INFORMATION GIVEN:
════════════════════

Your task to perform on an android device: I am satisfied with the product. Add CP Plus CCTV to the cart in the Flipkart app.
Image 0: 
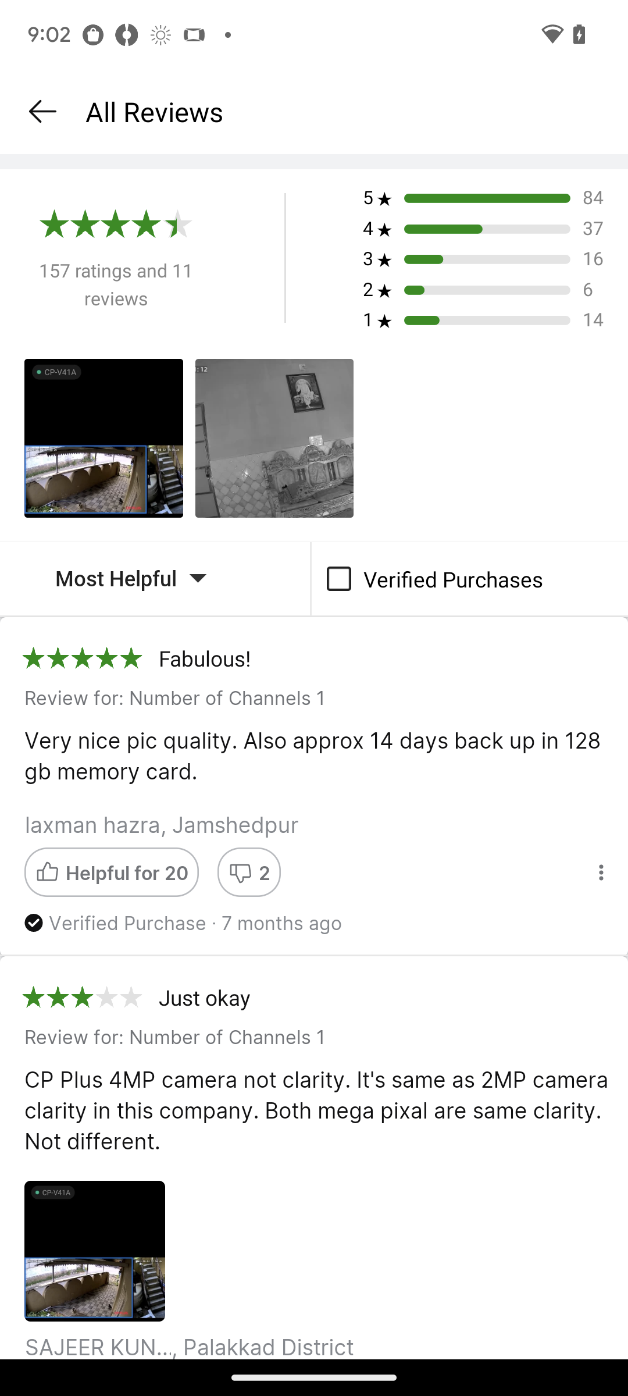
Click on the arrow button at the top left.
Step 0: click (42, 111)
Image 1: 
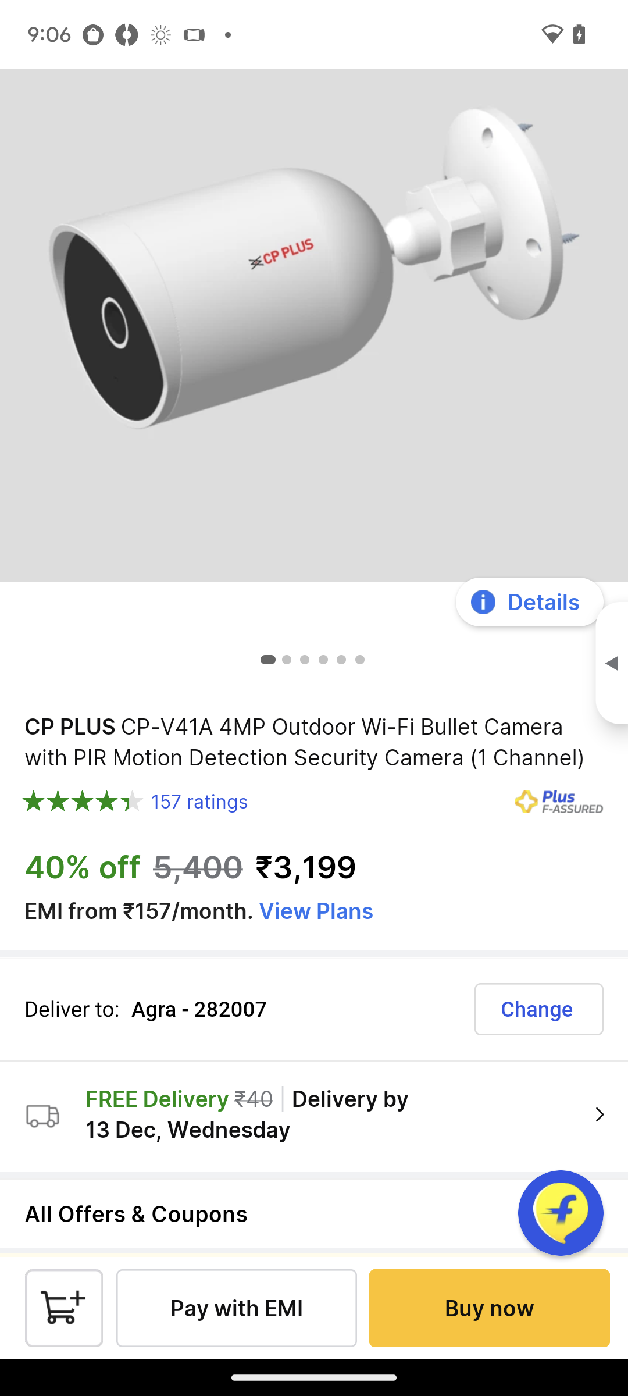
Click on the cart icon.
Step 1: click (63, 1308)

════════════════════

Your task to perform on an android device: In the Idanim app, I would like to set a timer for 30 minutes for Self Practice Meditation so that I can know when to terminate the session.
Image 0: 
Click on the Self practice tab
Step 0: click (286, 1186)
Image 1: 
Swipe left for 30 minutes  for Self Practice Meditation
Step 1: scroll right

════════════════════

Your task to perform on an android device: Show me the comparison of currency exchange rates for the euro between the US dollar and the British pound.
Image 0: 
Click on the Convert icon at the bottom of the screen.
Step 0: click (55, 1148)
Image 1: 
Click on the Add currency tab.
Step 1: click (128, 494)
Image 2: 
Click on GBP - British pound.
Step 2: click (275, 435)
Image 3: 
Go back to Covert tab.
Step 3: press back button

════════════════════

WHAT YOU SHOULD DO: Reproducing the whole listing above is not the task. Copy exactly only the lines from the one with "Click on GBP - British pound." to the one with "Step 3: press back button", both kept.

WORKED SOLUTION:
Click on GBP - British pound.
Step 2: click (275, 435)
Image 3: 
Go back to Covert tab.
Step 3: press back button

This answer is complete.